'Tis the season (almost) to sit around the fire playing board games and pretending to enjoy it. I recommend two board games, namely Poleconomy and Apocalypse, that I played a few times when I was a student; these came up in a conversation recently due to having some interesting game-theoretic content. I gave a talk at Microsoft Research (Cambridge) on Thursday, and Yoram Bachrach told me about the ripoff game, which has been played by human volunteers for cash prizes. Each individual game takes about one minute and works as follows. Each player is allocated a number, a fraction in the range [0,1] which is his “weight”. A subset of the players can form a winning team if their weights add up to at least 1. However, the winning team has not won the round until they have agreed on how to share the prize (worth 1 pound). For this purpose, each player gets to control another number in the range [0,1], which is the fraction of the prize that he requests from the winning team. And, the team does not win (and share the prize) until those fractions add up to at most 1. Apparently, the players sit in the same room but interact via computers, so the negotiation is somewhat stylized. Anyway, it turns out that Shapley value is quite a good predictor of the winnings associated with weights (although, there is variation from round to round, and some players are better at the game than others). A computational agent was implemented, which computed its Shapley value and then added 10%, and it performed well in competition.
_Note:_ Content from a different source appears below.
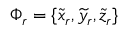Convert formula to latex. <formula><loc_0><loc_0><loc_500><loc_500>\Phi _ { r } = \{ \widetilde { x } _ { r } , \widetilde { y } _ { r } , \widetilde { z } _ { r } \}</formula> 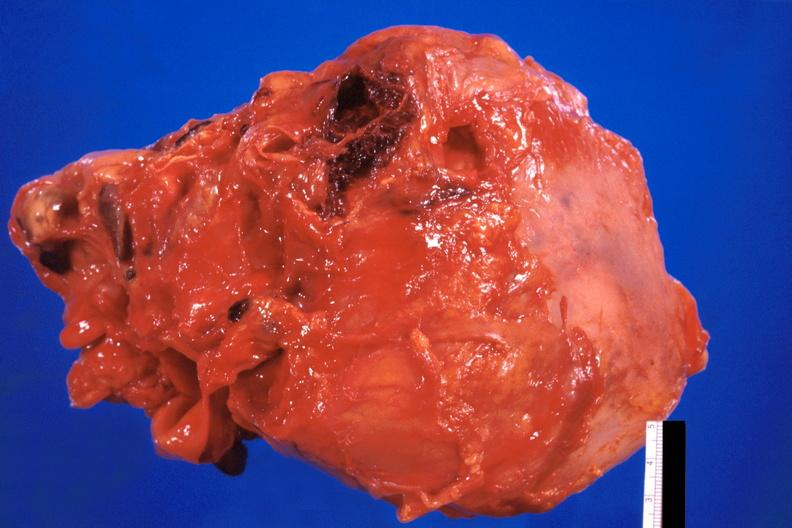s cardiovascular present?
Answer the question using a single word or phrase. Yes

This reminded me of an aspect of Poleconomy, a board game that simulates the interactions of politicians who happen to occupy corporate directorships “on the side”. (The game was developed in the early '80s.) From time to time, an “election” takes place, in which the players cast dice to determine the number of “votes” they obtain, and a Government may be formed by any subset of players who happen to have received a majority of the votes between them. There is some advantage to being in Government, so the immediate outcome of an election is a flurry of mental arithmetic and bargaining amongst the players to identify and agree upon a winning subset.

In Apocalypse, a player's move consists of a sequence of attacks. In each attack, the player chooses a number of units with which to attack another player, a whole number in the range 1...6, which is identified by placing a standard die with the chosen number uppermost underneath a cup; the player being attacked tries to guess the number. If the attacked player guesses correctly, that is the number of units that are lost by the attacking player; otherwise, the attacked player loses a single unit (and the attacking player gains a nuclear weapon, or part thereof, so there is an incentive to make lots of attacks.) Thus, each attack is a kind of generalized matching pennies, where the probability of choosing a smaller number is clearly larger than the probability of choosing a larger number, but all probabilities are positive.

Are there any other board games out there with interesting game-theoretic aspects?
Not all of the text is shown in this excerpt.